The Ba County Archives are held at the Sichuan Provincial Archives in Chengdu. They are by far the largest extant collection of local cases, including over 100,000 juan of legal records dating to the mid-eighteenth century. They primarily cover Ba County, which included the Prefectural Seat at what is now Chongqing. A selection of these records is now available online Qingdai Baxian Dang'an Huibian Qianlong Juan 清代巴县档案汇编乾隆卷.

Another important archive held in the Sichuan Province is the Nanbu County Archives. It contains documents dating back to mid-seventeenth century to the last year of the Qing Dynasty, making it the most comprehensive county archive in terms of its time coverage. There are in total more than 18,000 juan of documents there, and have been published in 308 volumes of Qingdai Sichuan Nanbu Xian Yamen Dang'an 清代四川南部县衙门档案.  
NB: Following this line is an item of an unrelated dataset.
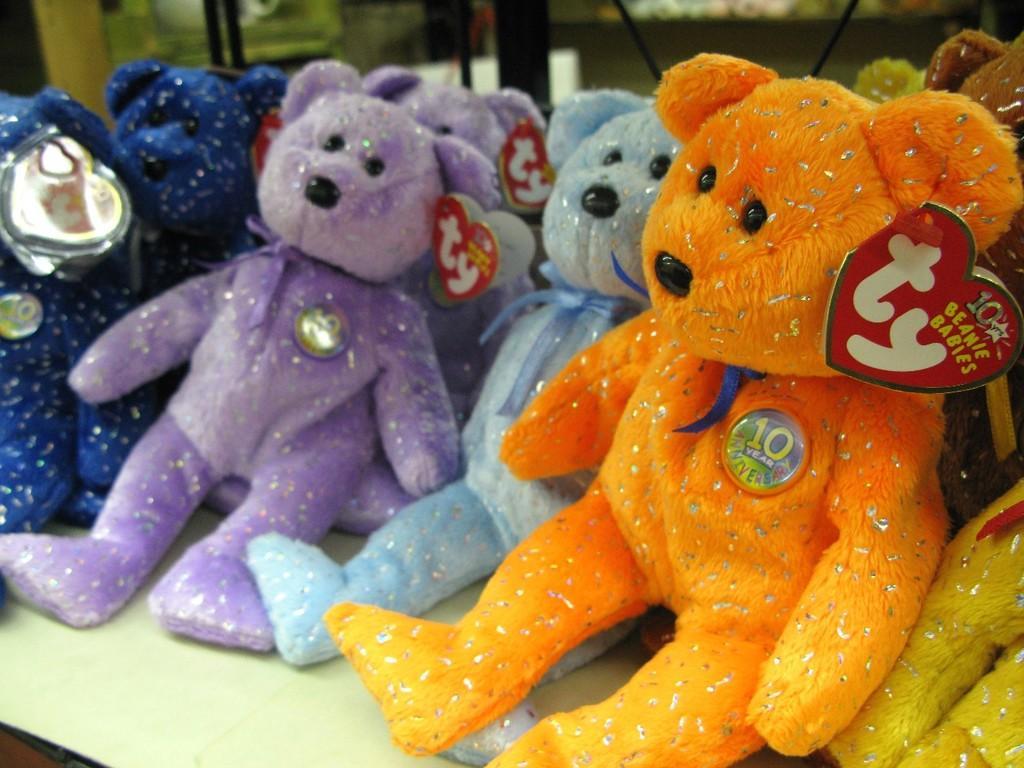How would you summarize this image in a sentence or two? In this picture I can see a number of teddy bears.

Since the rediscovery in 2000 of the well-preserved legal documents in the Longquan County Archive 龍泉司法檔案, the Compiling and Research Center on Local Historical Documents in Zhejiang University 浙江大學地方歷史文書編纂與研究中心 has cooperated with the archive to digitalize and publish these documents. The archive contains 17,333 fascicles of lawsuits reports ranging from 1858-1949. Now two series of selected lawsuits are published as Longquan sifa dang’an xuanbian 龍泉司法檔案選編, series 1-2 (Beijing: Zhonghua shuju, 2012, 2014), the first series cover the Qing period cases while the second series include cases from 1912 onwards. Although not officially operated as an archive for the public, scholars are generally welcomed to have a seat and a computer in the research center to look at the scanned files (the original documents are still preserved in the county archive). A complete and detailed catalogue of all cases is provided in the office (however, the small fraction of the catalogue is available in Excel, see 龍泉縣檔案目錄).   

Reference works and bibliography

Dentō Chūgoku hantoku shiryō mokuroku 伝統中国判牘資料目錄, eds Miki Satoshi, Yamamoto Eishi, Takahashi Yoshirō (Tokyo: Kyuko Shoin, 2010)

As the title suggests, this is a bibliography of extant casebooks, 55 from Ming and 189 from Qing, with a brief description of the work and a list of the cases.